My OTG cabled keyboard interface, on the other hand, adds just 1 mm to the butt end of the tablet or phone USB connector, then folds around back. It never fails, never goes silent, never missed a keystroke, and doesn’t need charging. It draws power from the device, but I can also charge the tablet through the keyboard via passthrough, even while in use. I also can plug in a USB stick and microSD card too. That little box that does the power in, USB & microSD is relatively bulky (1x2x4 cm), but could easily be eliminated in a more svelte design.
Unihertz Titan is also one option to look at.

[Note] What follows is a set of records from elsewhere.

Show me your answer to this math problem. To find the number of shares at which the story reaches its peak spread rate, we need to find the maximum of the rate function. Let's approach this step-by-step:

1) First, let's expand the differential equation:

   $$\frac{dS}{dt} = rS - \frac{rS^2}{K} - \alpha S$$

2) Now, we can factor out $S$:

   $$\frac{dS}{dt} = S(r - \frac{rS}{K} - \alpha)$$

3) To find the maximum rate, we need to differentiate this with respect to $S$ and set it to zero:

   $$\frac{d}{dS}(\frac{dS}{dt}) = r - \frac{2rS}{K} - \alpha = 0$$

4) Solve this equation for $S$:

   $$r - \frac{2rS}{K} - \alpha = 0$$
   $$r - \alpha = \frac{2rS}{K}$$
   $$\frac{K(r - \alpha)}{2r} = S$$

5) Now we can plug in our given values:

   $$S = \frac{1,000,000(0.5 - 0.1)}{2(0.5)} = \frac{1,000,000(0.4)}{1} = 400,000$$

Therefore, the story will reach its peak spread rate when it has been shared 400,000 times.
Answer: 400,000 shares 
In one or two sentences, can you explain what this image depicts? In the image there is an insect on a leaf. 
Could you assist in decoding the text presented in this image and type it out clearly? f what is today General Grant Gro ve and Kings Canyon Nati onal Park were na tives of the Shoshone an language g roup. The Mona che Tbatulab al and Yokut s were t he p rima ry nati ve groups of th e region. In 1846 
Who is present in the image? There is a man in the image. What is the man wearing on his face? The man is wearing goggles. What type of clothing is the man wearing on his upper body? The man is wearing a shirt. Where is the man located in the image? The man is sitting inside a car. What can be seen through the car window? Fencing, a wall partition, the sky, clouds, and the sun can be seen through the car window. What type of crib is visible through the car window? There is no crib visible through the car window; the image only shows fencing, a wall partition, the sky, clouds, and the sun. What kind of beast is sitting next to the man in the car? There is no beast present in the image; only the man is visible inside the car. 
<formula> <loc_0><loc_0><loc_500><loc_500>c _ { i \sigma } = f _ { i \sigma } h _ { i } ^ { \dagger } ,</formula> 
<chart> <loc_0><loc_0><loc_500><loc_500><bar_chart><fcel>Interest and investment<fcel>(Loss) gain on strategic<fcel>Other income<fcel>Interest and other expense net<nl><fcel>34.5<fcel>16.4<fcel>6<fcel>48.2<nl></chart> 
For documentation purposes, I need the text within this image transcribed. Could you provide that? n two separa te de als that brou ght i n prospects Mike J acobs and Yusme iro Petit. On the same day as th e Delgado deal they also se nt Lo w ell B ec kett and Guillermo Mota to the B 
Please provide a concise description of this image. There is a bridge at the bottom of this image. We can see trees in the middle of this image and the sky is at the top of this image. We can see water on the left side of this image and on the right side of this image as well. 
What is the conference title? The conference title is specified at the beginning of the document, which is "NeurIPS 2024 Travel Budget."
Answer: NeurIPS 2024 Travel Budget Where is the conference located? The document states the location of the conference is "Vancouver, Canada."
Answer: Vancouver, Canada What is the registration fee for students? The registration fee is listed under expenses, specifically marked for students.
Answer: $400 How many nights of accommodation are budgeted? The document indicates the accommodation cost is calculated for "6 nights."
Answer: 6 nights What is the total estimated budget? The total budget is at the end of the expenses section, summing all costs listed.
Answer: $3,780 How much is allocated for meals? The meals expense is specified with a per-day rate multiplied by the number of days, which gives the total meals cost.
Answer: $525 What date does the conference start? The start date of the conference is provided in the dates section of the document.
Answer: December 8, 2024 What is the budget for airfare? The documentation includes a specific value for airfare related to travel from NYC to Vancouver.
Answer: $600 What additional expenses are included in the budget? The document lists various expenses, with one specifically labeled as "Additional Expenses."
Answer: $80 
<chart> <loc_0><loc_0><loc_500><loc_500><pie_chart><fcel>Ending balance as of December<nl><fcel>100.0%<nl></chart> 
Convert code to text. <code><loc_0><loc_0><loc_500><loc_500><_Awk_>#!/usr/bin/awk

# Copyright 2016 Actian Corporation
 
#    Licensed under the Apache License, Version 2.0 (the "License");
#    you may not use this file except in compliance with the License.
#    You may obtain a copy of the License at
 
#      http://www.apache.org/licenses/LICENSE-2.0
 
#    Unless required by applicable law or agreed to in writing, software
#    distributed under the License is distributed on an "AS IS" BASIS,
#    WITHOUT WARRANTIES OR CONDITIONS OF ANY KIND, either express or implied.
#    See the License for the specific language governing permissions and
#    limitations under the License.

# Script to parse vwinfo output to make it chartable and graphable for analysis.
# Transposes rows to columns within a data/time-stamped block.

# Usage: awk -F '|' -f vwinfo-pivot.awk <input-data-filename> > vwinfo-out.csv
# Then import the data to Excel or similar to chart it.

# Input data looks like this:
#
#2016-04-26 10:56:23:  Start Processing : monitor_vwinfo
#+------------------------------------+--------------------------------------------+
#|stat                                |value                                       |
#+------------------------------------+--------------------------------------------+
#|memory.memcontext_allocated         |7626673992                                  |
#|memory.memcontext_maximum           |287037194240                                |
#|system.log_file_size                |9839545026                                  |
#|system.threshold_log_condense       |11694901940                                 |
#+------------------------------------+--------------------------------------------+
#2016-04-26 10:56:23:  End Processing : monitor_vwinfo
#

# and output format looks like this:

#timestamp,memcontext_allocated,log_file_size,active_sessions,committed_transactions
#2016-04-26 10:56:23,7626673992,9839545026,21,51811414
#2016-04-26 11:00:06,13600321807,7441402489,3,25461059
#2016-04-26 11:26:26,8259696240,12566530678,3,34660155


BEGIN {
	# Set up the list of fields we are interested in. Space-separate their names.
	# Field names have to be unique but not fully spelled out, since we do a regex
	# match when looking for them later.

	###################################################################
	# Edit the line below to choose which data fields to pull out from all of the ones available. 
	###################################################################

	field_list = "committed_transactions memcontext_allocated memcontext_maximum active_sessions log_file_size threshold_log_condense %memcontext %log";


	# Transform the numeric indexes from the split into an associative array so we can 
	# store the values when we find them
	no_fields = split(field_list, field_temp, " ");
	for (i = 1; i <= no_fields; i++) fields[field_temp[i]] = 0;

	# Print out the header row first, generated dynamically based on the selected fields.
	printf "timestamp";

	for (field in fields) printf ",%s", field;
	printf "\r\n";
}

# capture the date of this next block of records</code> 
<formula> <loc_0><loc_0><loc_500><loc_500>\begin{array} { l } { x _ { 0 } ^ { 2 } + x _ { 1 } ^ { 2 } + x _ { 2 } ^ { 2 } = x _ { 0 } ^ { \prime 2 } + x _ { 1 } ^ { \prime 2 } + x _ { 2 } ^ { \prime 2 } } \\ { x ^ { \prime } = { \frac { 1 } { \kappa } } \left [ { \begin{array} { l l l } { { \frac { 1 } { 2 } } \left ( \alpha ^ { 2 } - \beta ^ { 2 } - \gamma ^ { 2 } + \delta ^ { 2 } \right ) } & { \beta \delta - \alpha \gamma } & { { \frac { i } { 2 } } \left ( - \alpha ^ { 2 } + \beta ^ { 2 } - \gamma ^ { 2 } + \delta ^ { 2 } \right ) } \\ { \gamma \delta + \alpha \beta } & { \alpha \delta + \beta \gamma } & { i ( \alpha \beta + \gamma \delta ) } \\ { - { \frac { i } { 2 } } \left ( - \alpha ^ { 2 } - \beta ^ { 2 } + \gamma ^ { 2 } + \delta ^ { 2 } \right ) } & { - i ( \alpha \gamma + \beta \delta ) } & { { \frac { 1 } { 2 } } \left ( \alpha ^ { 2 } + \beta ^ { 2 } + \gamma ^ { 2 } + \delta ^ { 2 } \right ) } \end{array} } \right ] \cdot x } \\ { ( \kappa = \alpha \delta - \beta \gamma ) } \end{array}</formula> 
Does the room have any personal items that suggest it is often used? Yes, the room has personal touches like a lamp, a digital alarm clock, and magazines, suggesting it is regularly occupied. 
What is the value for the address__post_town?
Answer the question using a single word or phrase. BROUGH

I’m not sure that phone will ever be upgraded from android 9
I’ll be surprised if more than 5 people use that ability to pay their tax bills with bitcoin.
Strikes me, as a layman observer, that lunar landing ability of the 1960’s was at least on par with that of today.
Why?
” It raises interesting questions about how the secondary automotive market will respond to the increasingly complicated relationship between hardware and software, and what you’re actually paying for when you buy a car.”
Devils in the details.
https://tech.slashdot.org/story/20/02/07/224202/tesla-remotely-disables-autopilot-on-used-model-s-after-it-was-sold
” the dealer enabled Autopilot and FSD as a demo car. Something they are allowed to do in order to demo these features to customers. It’s on the dealer for not turning those unpaid features back off at the time of sale.”
It’s a shame blackberry branded phones are going away. I’ve spent the last year using an all-screen phone instead of a blackberry keyone and find the all-screen phone a better compromise since media consumption is far better and writing is… acceptable.
The time I think is right though as foldable phones hold a lot of promise. Imagine a folding phone that when unfolded is a 10″ tablet, that’s far better for media consumption than the 4.5″ blackberry keyone off the bat but what about typing? If you fold the foldable into a clamshell shape and use the top half as a display while the bottom half displays a keyboard you’ve got small laptop functionality for writing long messages. If that’s not good enough 10 dollars buys you a physical rubber keyboard overlay for the bottom half of the device.
The best bit is this isn’t far-fetched. Manufacturers demoed foldable laptops in this style at CES 2020, shrink those down to phone/tablet size and we’re there.
I don’t understand the appeal of crypto currency. As much as a hassle than a prepaid debit card is, the PIA of transferring funds from one account to another. Purchase physical precious metals if yo want a hedge on inflation. Appears that phones with switch keyboards never went away. Due to hemiparesis, On phone I’m a one thumb typist, so no phone keyboard works well for me.